# [WHAT YOU ARE ASKED TO DO]
The following listing has lines to check for the word "draft"; give only the number of lines that contain it.

━━━ TASK MATERIAL ━━━

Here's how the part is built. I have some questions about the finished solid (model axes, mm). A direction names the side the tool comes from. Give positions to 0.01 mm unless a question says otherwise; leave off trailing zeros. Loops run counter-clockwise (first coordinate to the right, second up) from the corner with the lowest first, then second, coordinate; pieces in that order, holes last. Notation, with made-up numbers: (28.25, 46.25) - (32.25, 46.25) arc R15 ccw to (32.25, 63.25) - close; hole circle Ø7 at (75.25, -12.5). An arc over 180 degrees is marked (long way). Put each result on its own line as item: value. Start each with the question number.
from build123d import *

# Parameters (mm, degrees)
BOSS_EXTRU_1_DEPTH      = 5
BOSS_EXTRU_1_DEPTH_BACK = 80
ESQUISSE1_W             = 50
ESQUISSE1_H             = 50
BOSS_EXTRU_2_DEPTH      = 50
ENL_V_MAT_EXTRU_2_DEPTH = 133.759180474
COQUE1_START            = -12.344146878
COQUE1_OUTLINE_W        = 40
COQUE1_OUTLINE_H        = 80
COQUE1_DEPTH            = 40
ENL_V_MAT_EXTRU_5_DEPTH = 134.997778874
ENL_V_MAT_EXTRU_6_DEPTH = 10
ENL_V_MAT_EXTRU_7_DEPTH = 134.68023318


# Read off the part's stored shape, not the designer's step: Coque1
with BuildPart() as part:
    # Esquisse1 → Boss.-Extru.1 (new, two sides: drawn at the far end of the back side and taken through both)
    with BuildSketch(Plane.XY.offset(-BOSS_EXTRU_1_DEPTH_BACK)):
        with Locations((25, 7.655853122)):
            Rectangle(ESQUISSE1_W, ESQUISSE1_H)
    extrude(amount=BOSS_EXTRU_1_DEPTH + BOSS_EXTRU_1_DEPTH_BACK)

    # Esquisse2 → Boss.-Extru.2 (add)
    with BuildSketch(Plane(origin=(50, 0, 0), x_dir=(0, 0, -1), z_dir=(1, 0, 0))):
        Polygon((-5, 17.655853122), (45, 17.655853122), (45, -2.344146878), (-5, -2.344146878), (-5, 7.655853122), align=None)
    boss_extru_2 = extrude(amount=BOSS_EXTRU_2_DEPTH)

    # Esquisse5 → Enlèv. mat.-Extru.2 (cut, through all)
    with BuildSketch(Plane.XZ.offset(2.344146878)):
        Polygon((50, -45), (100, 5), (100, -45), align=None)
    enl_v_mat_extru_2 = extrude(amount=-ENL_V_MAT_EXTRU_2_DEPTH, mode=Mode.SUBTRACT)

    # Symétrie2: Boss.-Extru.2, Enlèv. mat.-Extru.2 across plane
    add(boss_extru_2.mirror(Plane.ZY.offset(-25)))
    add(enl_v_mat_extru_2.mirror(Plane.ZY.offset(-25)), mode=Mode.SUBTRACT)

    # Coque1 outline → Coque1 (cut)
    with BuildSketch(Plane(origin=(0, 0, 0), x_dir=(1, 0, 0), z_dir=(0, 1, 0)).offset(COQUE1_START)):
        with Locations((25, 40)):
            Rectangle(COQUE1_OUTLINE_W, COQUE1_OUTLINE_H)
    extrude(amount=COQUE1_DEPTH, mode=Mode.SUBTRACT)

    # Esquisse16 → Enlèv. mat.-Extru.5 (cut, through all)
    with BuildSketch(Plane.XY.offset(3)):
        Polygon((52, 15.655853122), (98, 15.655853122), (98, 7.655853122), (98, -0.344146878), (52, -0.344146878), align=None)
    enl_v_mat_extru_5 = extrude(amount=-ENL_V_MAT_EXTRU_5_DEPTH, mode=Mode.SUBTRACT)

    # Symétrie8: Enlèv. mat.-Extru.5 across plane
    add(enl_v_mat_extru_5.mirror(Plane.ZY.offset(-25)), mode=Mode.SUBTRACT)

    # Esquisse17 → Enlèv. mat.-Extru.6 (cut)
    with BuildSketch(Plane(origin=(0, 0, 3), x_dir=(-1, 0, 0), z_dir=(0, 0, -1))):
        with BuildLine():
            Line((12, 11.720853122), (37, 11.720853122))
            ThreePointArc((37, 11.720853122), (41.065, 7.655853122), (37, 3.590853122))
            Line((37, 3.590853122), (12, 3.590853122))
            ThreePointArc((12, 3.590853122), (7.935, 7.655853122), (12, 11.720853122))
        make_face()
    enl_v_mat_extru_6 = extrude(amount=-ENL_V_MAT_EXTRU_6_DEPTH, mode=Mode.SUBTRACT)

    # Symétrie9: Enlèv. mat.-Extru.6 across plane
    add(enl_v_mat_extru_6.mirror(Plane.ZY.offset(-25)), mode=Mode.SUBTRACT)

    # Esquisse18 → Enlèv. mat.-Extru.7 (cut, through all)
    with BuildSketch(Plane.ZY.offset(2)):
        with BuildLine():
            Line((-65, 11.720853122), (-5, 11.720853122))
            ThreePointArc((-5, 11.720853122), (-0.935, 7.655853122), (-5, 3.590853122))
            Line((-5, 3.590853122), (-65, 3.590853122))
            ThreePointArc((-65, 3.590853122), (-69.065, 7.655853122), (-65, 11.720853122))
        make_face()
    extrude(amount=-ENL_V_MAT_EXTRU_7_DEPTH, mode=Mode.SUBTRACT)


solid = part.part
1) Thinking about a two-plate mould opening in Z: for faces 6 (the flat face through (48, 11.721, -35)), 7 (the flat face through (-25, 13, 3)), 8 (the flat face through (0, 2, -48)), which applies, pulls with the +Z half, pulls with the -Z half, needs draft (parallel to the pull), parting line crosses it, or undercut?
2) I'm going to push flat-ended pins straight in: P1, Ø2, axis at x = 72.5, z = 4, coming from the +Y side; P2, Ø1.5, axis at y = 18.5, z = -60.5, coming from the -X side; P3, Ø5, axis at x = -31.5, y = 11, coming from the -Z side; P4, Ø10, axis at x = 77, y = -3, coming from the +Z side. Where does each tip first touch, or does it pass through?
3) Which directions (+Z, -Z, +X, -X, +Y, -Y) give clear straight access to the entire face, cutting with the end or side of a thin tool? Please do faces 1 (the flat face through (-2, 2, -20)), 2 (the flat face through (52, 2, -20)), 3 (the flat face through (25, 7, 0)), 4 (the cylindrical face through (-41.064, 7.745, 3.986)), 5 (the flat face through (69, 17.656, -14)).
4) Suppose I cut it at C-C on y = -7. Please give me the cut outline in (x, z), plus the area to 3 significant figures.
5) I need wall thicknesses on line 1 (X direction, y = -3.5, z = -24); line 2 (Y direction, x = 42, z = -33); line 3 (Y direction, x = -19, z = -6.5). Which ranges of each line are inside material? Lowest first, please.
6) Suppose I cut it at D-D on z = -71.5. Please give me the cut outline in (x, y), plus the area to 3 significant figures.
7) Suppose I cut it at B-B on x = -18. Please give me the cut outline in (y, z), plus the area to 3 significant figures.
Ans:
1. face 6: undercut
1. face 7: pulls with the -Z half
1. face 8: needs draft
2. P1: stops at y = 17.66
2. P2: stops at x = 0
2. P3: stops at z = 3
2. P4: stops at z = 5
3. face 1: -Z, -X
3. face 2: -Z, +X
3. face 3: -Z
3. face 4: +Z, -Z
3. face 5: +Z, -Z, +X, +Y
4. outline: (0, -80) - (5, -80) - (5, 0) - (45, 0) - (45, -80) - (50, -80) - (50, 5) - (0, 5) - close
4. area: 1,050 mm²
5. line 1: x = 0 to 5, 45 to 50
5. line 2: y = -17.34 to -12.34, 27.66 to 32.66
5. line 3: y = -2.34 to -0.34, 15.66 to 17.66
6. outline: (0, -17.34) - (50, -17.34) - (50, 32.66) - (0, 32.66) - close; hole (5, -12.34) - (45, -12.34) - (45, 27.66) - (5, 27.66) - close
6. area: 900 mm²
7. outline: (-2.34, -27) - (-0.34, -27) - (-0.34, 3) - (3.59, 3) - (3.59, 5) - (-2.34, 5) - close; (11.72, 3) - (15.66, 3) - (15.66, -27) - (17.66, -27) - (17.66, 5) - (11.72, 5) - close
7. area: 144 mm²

━━━

# [YOUR SOLUTION]
2